Palm oil prices rise in tandem with soyoil and a weaker Ringgit
The price of palm oil in Malaysia closed higher on the Dalian and Chicago exchanges, as well as a weaker currency.
The benchmark palm-oil contract for September delivery at Bursa Malaysia's Derivatives exchange gained 37 ringgit or 0.91% to 4,101 Ringgit ($965.40), a metric tonne, at the close.
Kuala Lumpur based trader stated that the market was in range bound mode but with a bias towards the positive due to the strength of rival oils and ringgit’s weakness.
Chicago Board of Trade Soyoil was up by 0.2%. Dalian's palm oil contract and most active soyoil contract both rose in value.
As palm oil competes to gain a share in the global vegetable oil market, it tracks the price fluctuations of competing edible oils.

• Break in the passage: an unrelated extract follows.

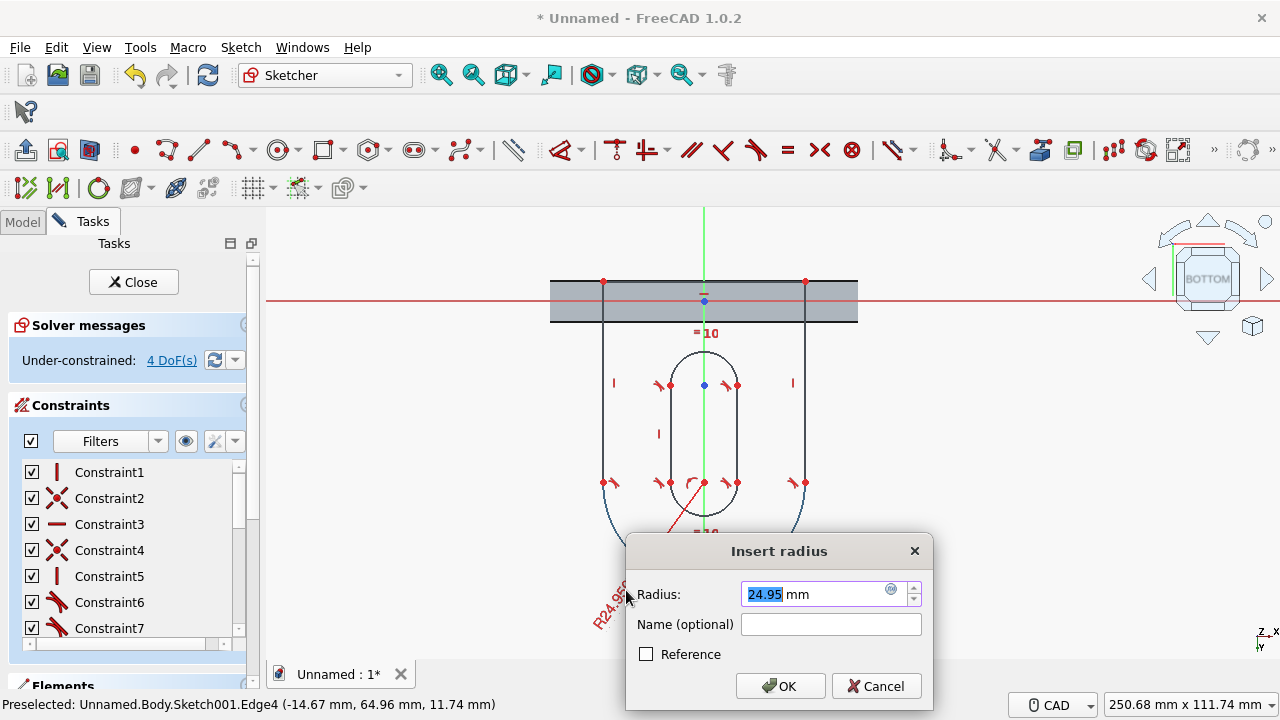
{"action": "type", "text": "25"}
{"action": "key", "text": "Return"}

The oil prices dropped on Wednesday after a 4% gain in the previous session as the markets assessed the possibility of disruptions to supply from the Iran-Israel war and pondered a direct US intervention.
Palm is less attractive as a biodiesel source due to weaker crude oil futures. The Malaysian Ringgit, which is the contract currency for palm, has fallen 0.12% in value against the U.S. Dollar, making goods denominated in ringgit more attractive to foreign currency holders.
Intertek Testing Services, a cargo surveyor, said that exports of Malaysian products containing palm oil for the period June 1-15 were up 26.3% compared to May 1.15. AmSpec Agri Malaysia is an independent inspection company and reported shipments increasing 17.8%.